Can I work out the variance in batches?

Question

So I have a data divided into chunks, and I can only calculate the variance in each of the chunks because of software limitations. But I want to get the variance of the whole data together, not the chunks. I know the variance is not a linear operator. I would like the get kind of the average of the variance but this will have to be the same number as If I calculated the variance of the whole data together. Example: Rolling a dice in 3 groups of 2 rolls I can calculate the variance on each of the groups, so I with this data, I want to calculate the variance of the whole set: rolling a dice 6 times. Thank you for your help.

Answer 1

Refer to the following answer to this question: How do I combine standard deviations of two groups?

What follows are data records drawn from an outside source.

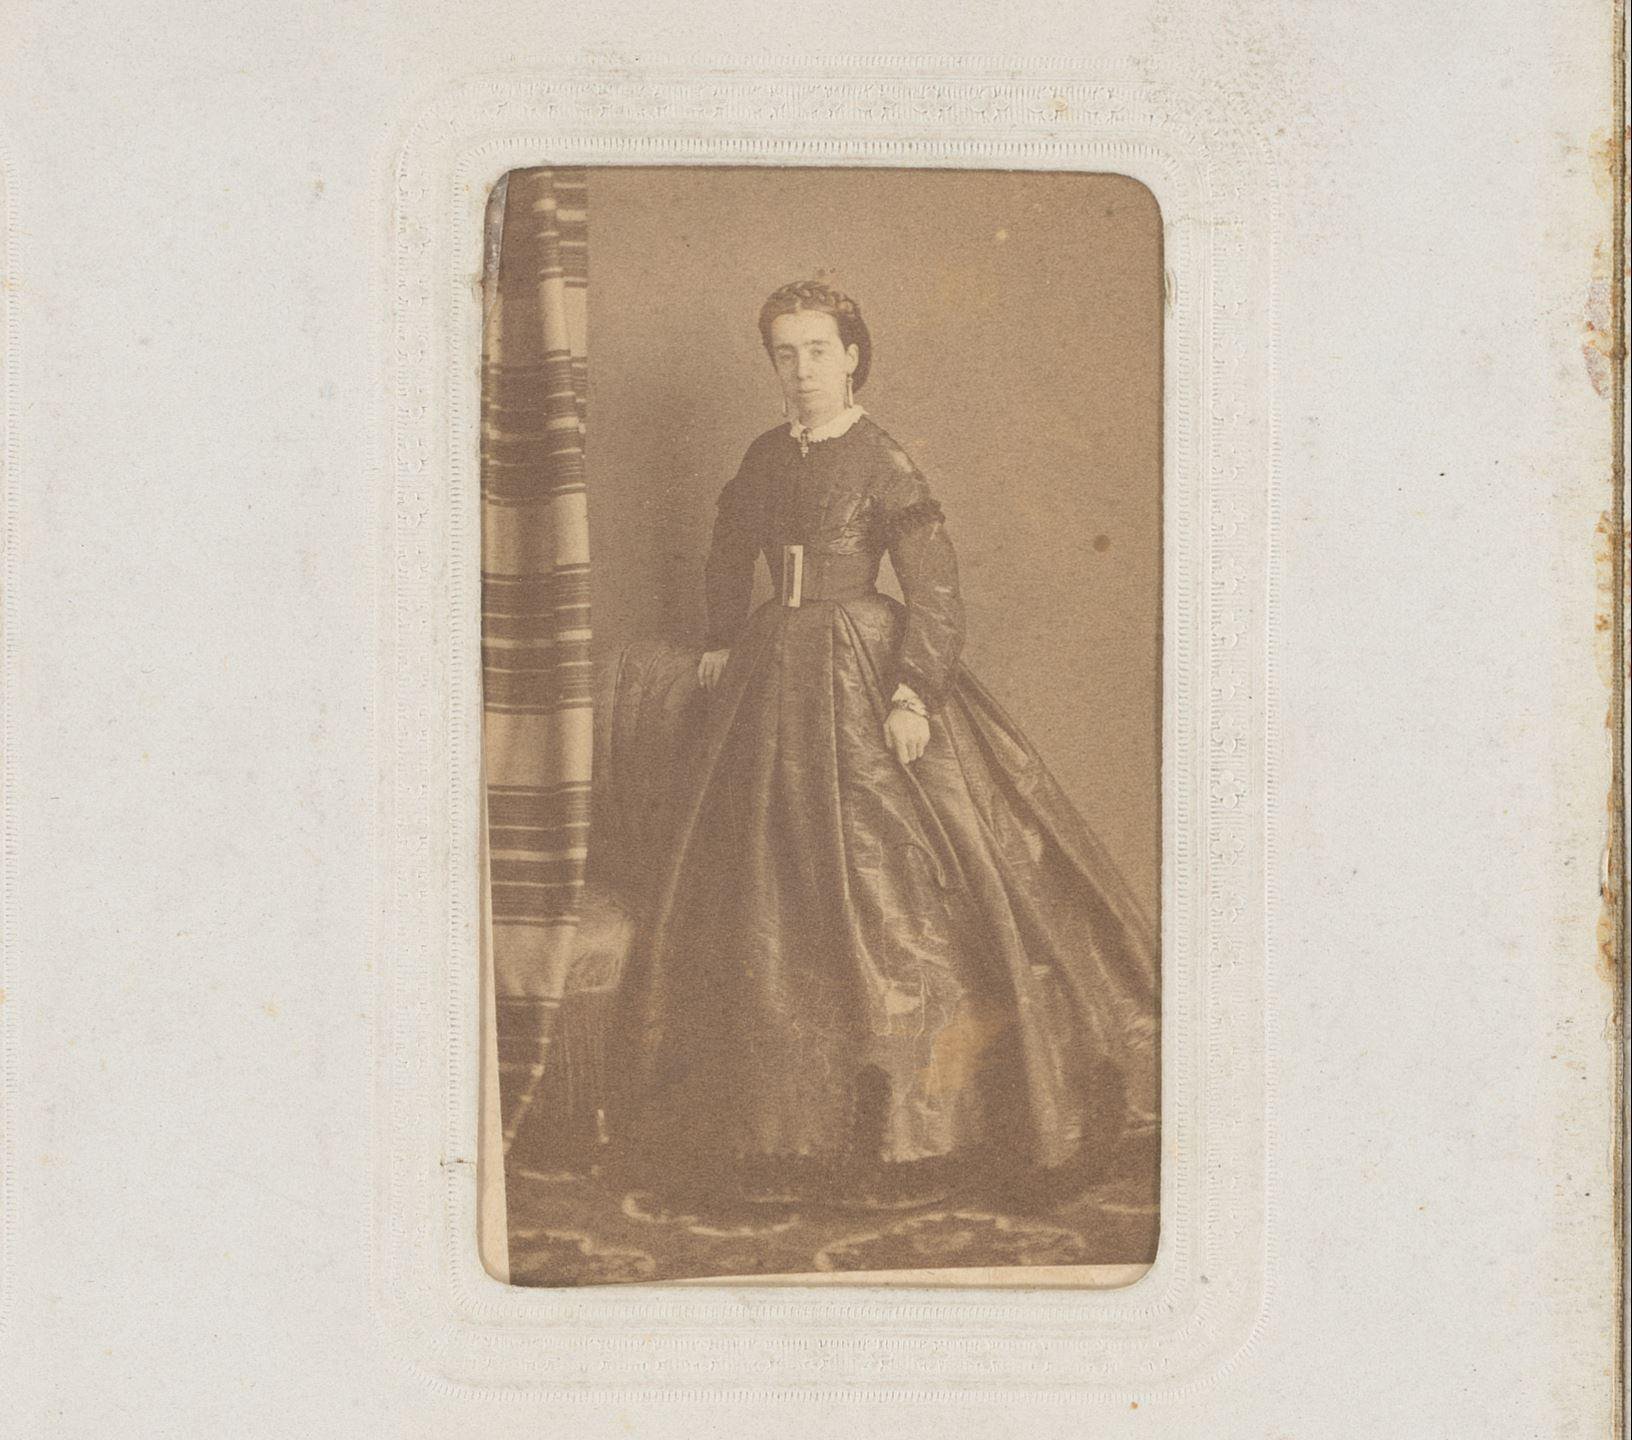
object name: photograph
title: Portret van een vrouw
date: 1860-1890
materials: cardboard, photographic support
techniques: albumen print
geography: zaragoza
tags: historical persons - bb - woman
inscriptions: inscription: ‘Fotografia Zaragozana/ Coso 55’
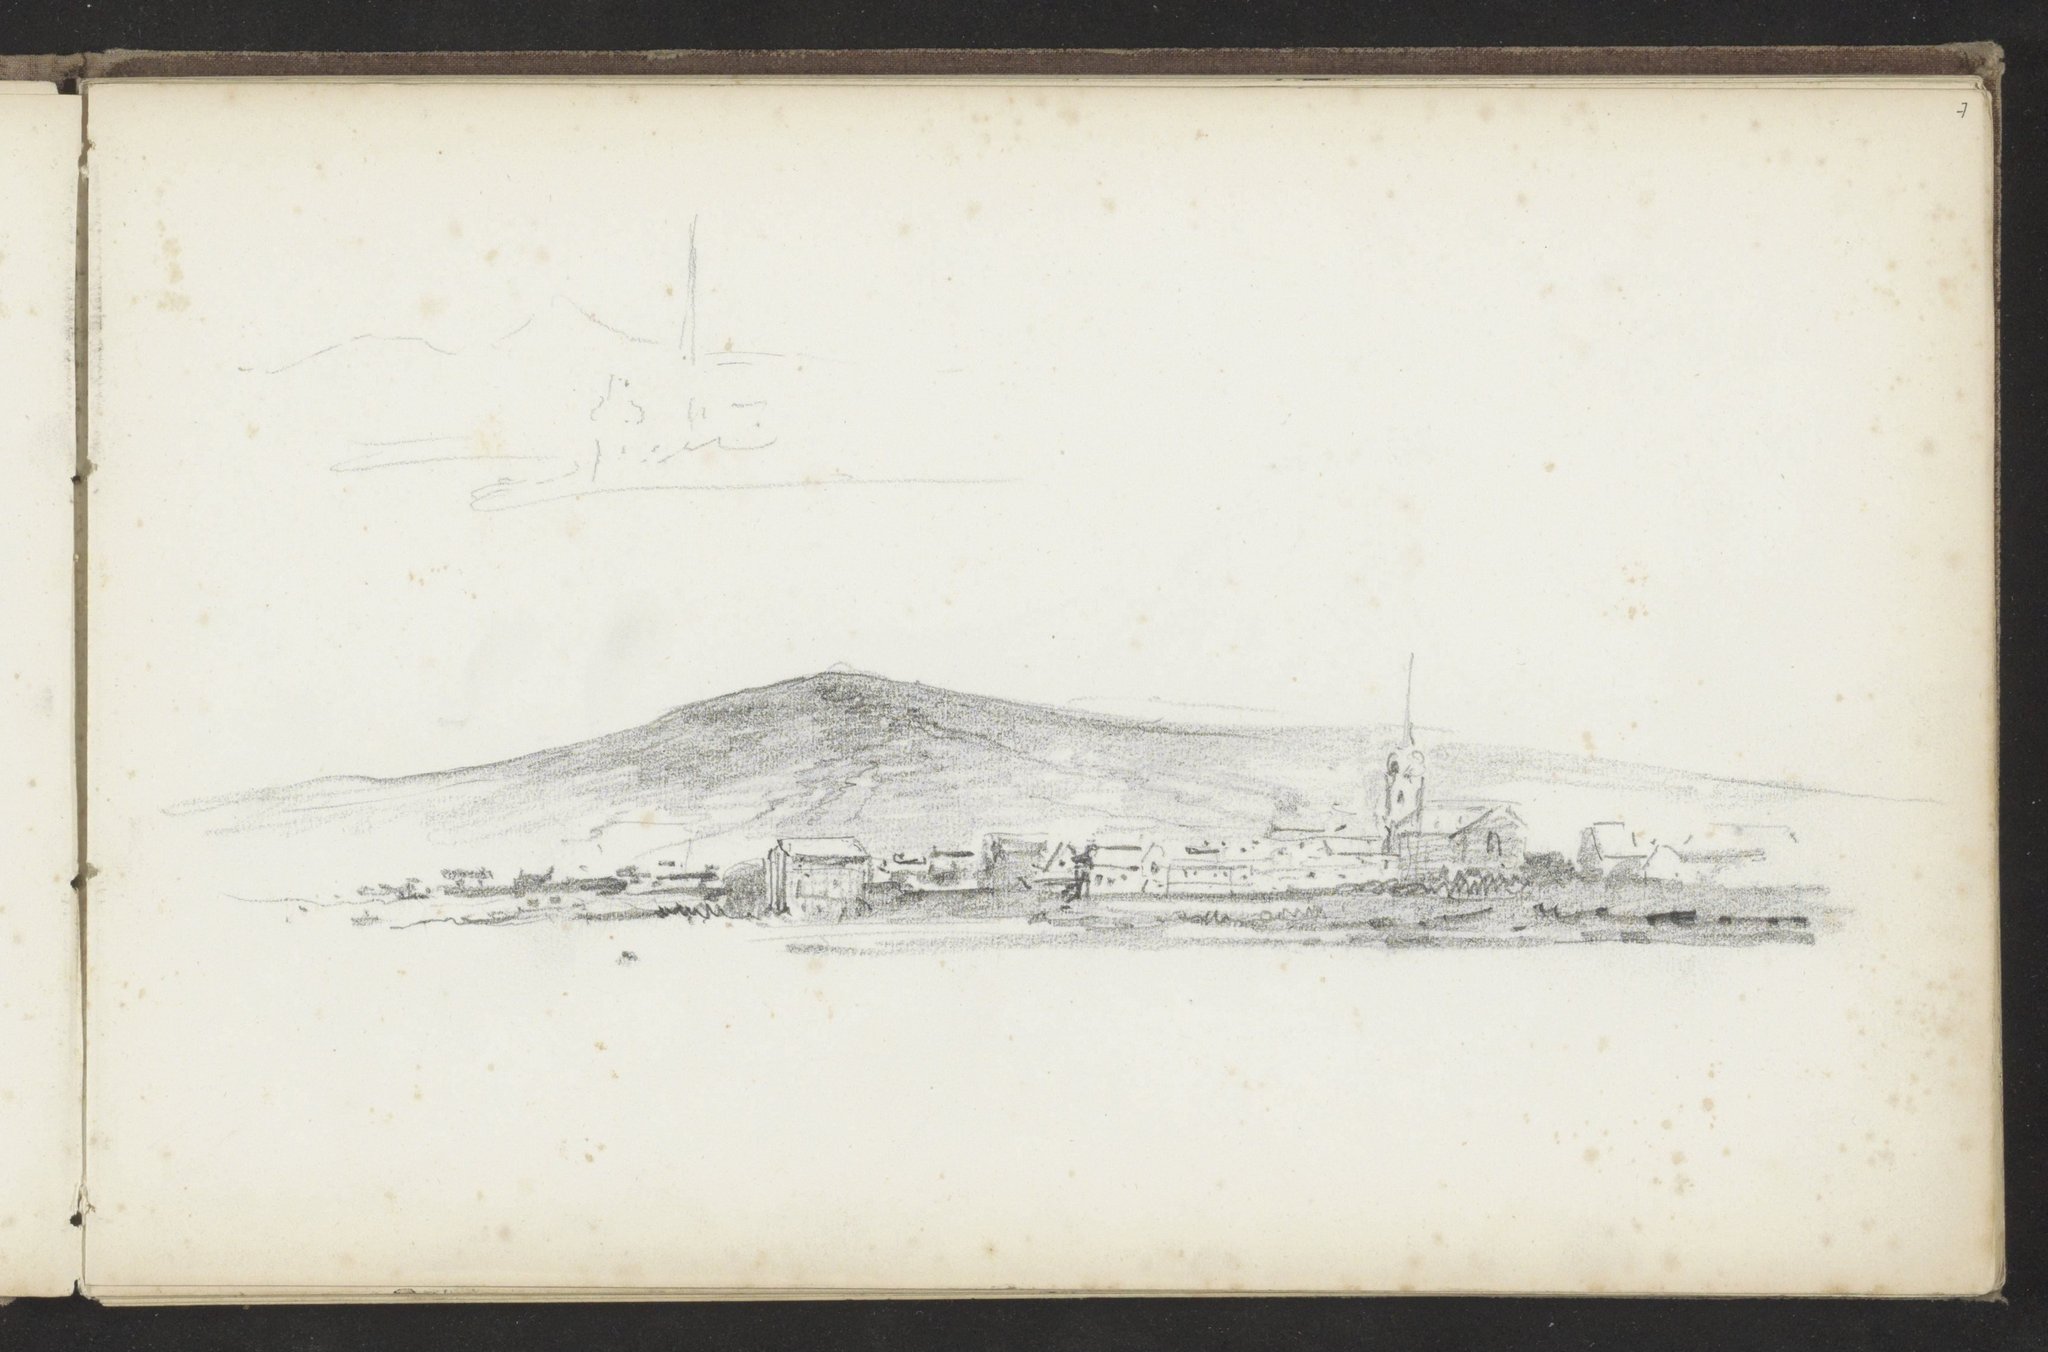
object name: sketchbook leaf
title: Stad aan de voet van een berg
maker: maria vos
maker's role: draughtsman, painter, print maker
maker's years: 1824-1906
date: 1860-1865
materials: paper, pencil
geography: rhine
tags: city-view, and landscape with man-made constructions, mountains
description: Vermoedelijk een stad aan de Rijn. Blad 7 recto uit een schetsboek met 55 bladen.
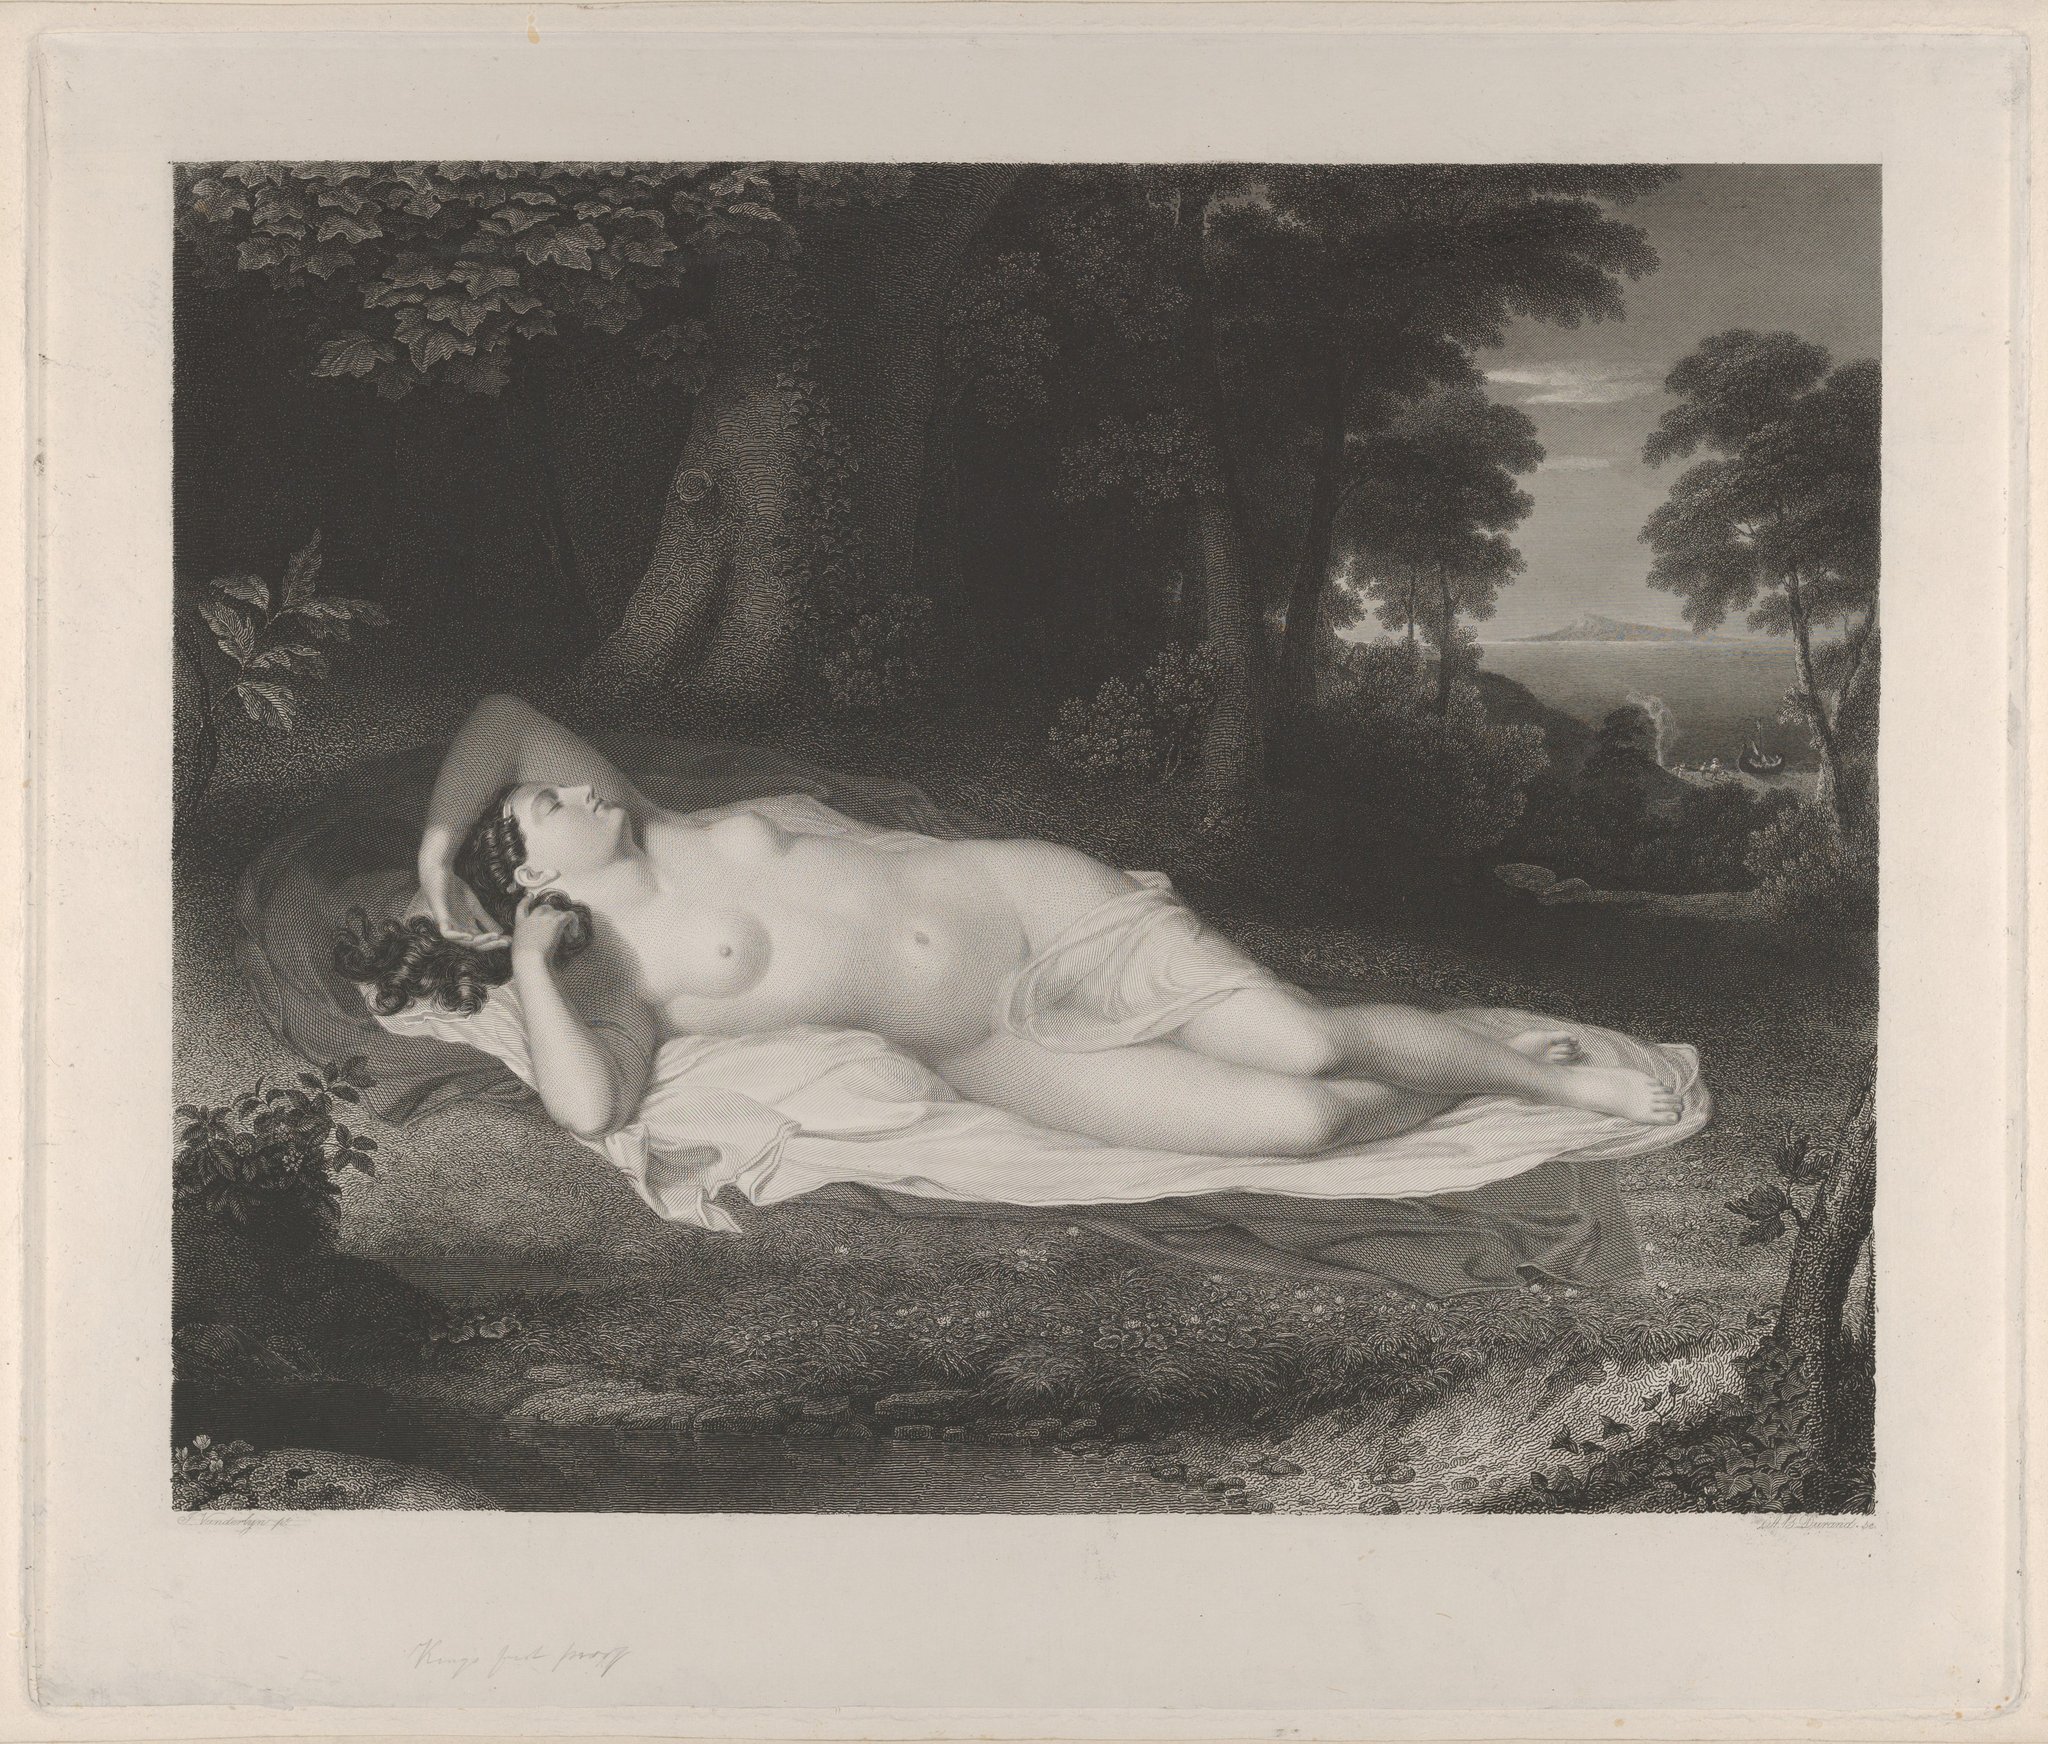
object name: print
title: Ariadne
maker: asher brown durand
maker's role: artist
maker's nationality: american
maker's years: 1796-1886
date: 1834
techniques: engraving
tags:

In particular, the final formula

$$s_z^2 = \frac{(n-1) s_x^2 + (m-1) s_y^2}{n+m-1} + \frac{nm(\bar x - \bar y)^2}{(n+m)(n+m-1)}$$

illustrates how to compute the total variance of two samples, one of size $n$, sample mean $\bar x$, and sample variance $s_x^2$, and one of size $m$, sample mean $\bar y$, and sample variance $s_y^2$. Those are the quantities you need to track. Also note that the total sample mean is given by the formula $$\bar z = \frac{n \bar x + m \bar y}{n + m}.$$ These formulas readily lend themselves to an extended calculation for any number of groups:

1. Set $i = 1$.
2. Compute $n_i$, $\bar x_i$, and $s_{x_i}^2$, the sample size, sample mean, and sample variance of dataset $i$.
3. Increment $i$.
4. Repeat Step 2.
5. Use the above two formulas to compute a new $n_T$, $\bar x_T$, and $s_T^2$ representing the sample size, sample mean, and sample variance of all datasets up to set $i$.
6. If the last dataset was used to compute the result in step 5, stop. Otherwise, go to step 3.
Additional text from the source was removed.